O estudante acredita que a vontade da pessoa tem grande influência no acesso de PCDs a grandes eventos, porém, força de vontade nem sempre é suficiente para que pessoas com deficiência superem a falta de acessibilidade e adaptação dos espaços públicos e eventos:“A gente tem que ter mesmo uma acessibilidade maior pensando em todo mundo. Isso dentro do festival, na rua é pior ainda”, ele afirma.
Sodré reconhece que as condições da pessoa com mobilidade reduzida são muito precarizadas. O longo tempo de espera e as grandes áreas de deslocamento provocam uma fadiga maior do que aquela sentida pelas pessoas sem mobilidade reduzida. Daí a importância do tratamento preferencial em grandes eventos, como a possibilidade de acesso mais cedo e áreas de aproveitamento dos festivais com melhor acessibilidade.
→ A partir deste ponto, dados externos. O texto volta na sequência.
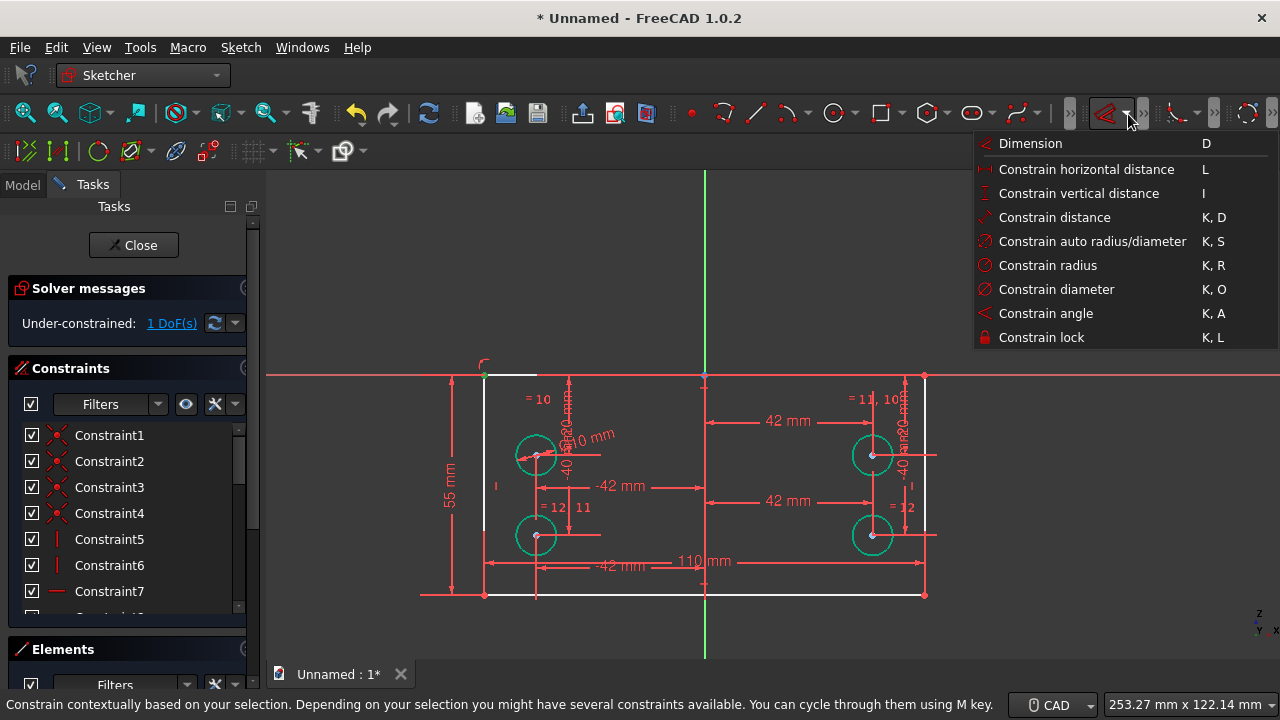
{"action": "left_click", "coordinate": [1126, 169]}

Já a influencer Bárbara Magalhães conta que, nas primeiras semanas de abertura do comércio, quando os eventos tinham um número reduzido de pessoas, as cadeiras contadas garantiam uma experiência melhor para pessoas com deficiência física, mas, agora, a realidade não é mais essa, e ela lamenta: “Agora, eu evito mesmo, não me estresso pra ir nesses lugares e eu sei que eu tô errada, que eu tinha que ir, exigir do pessoal, mas é isso”.
Além disso, ela também observa que a cidade não contempla pessoas com mobilidade reduzida de forma adequada. “Restaurantes, festivais, shows aqui em Belo Horizonte são os menos acessíveis que eu vejo”. Ela cita como exemplos a irregularidade das calçadas, que impede a livre circulação, e, consequentemente, o acesso à cultura.
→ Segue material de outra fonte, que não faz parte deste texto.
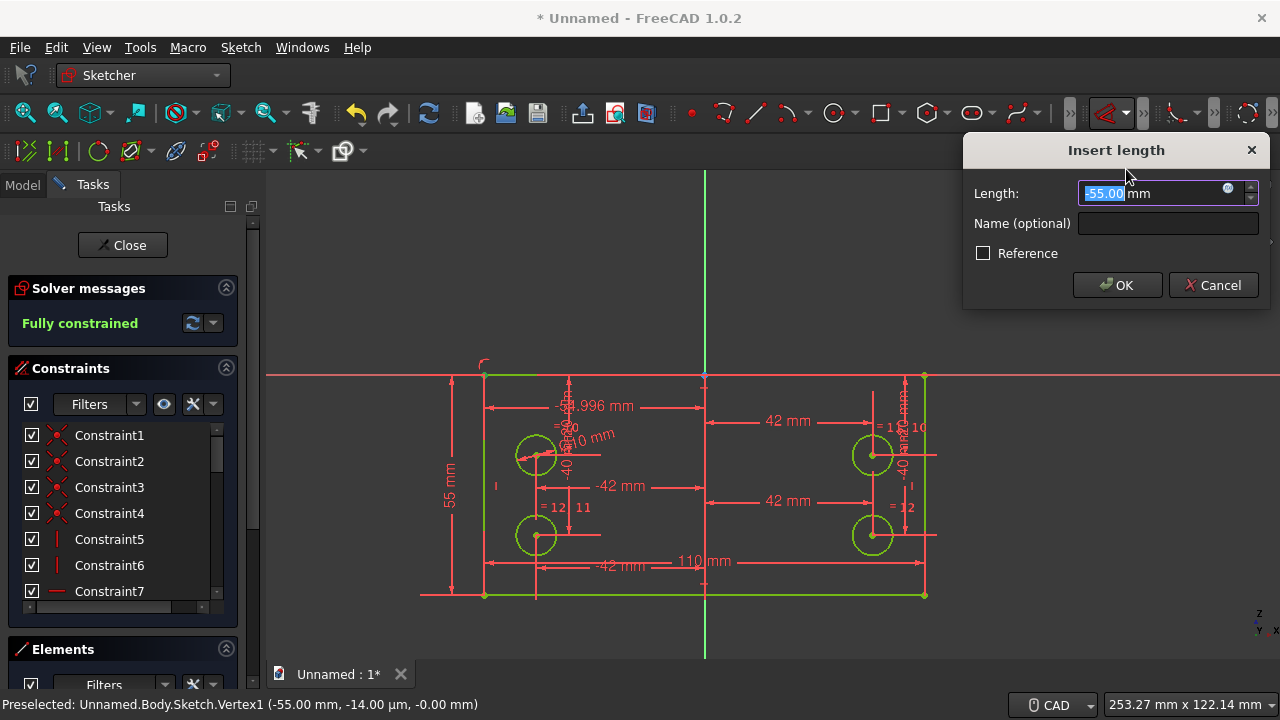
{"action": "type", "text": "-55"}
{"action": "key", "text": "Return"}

Incompatibilidade no discurso acessível
Muito se divulga sobre a acessibilidade em ambientes culturais, como forma de atrair público e promover o bem-estar de todos os possíveis frequentadores. No entanto, na prática, não é sempre o que acontece. Recentemente, na edição de 2022 do Lollapalooza, a humorista Lorrane Silva (@_pequenalo) passou um constrangimento ao não conseguir subir de elevador em um dos camarotes no evento. Ela teve que contar com a ajuda de uma pessoa desconhecida, que se voluntariou a carregá-la para o próximo andar. Após o incidente, a organização, que havia prometido acessibilidade, realizou o conserto do aparelho.
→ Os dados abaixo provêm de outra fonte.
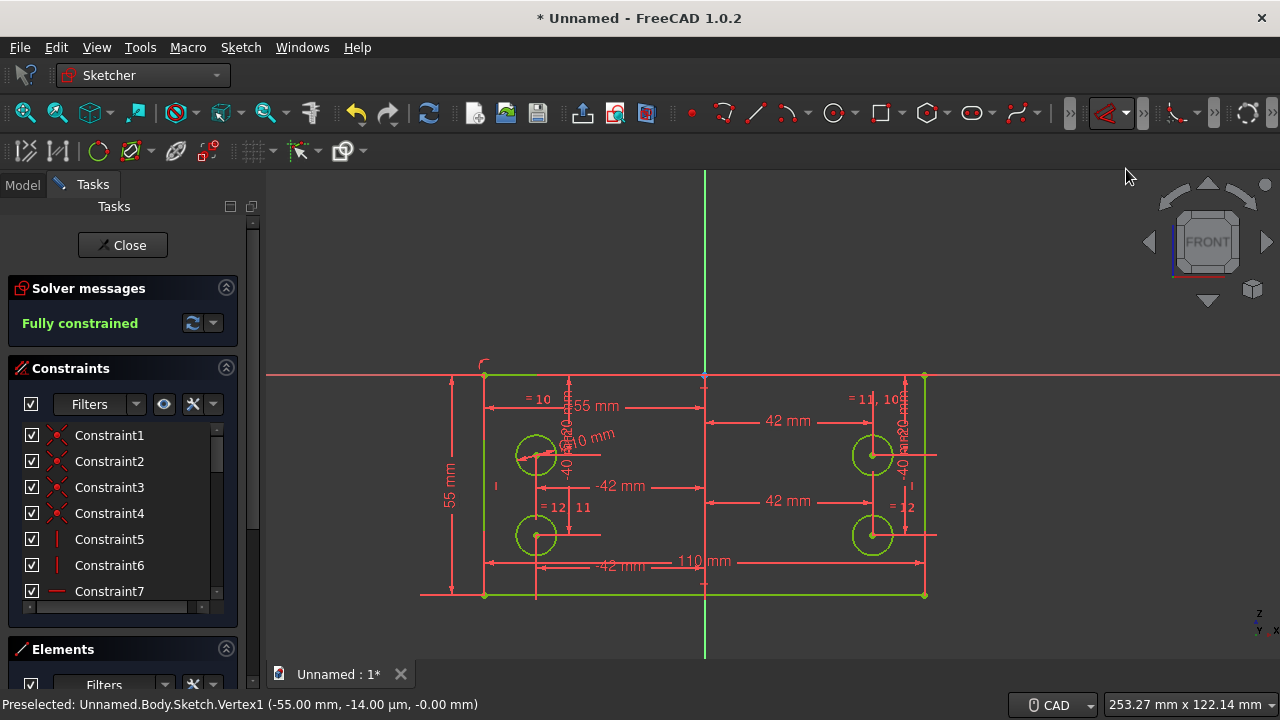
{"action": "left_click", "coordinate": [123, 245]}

Em thread no Twitter, a ‘Pequena Lô’, como é conhecida, afirmou que as PCDs não deveriam deixar de ir nesses espaços, e que suas presenças deveriam servir como forma de reivindicação de direitos. “Não somos nós que temos que nos adaptar ao ambiente que não tem acessibilidade, o ambiente que tem que se adaptar à inclusão, para que a gente possa ter a independência de conseguir se locomover, independente da sua condição física”, disse, no Twitter. No mesmo fio, a influencer conta que, mesmo trabalhando no local, não teve a acessibilidade garantida.
Em situação parecida, a entrevistada @babi conta que, em momento recente, foi obrigada a usar as escadas em um local de eventos em Belo Horizonte, o Mamão com Açúcar, mesmo com mobilidade reduzida. “Na hora de sair, eles não me deixaram descer pela rampa que eu subi quando entrei. Me fizeram descer um andar e meio de escada, e o banheiro fica super longe. Lá tá bem longe de ser um lugar acessível”, lamenta. Além disso, ela relata que os funcionários não pareciam estar preparados para dar suporte para pessoas com essas características, e, por isso, fizeram com que ela fizesse uma rota desconfortável para ela. “Não adianta ter rampa na chegada e escada na saída. Horrível, bem horrível mesmo”, desabafa.
A advogada conta que toda a experiência móvel no ambiente foi desconfortável, levando em conta que o espaço conta com rampas íngremes que, mesmo com o suporte do corrimão, provocavam dificuldade no seu uso. “Eles pensam só em gente com cadeira de rodas, não pensam em gente com muletas e tal. É todo um processo. Espero que mude”.
A redação entrou em contato com a organização do Mamão com Açúcar mas não obteve resposta até a publicação desta reportagem.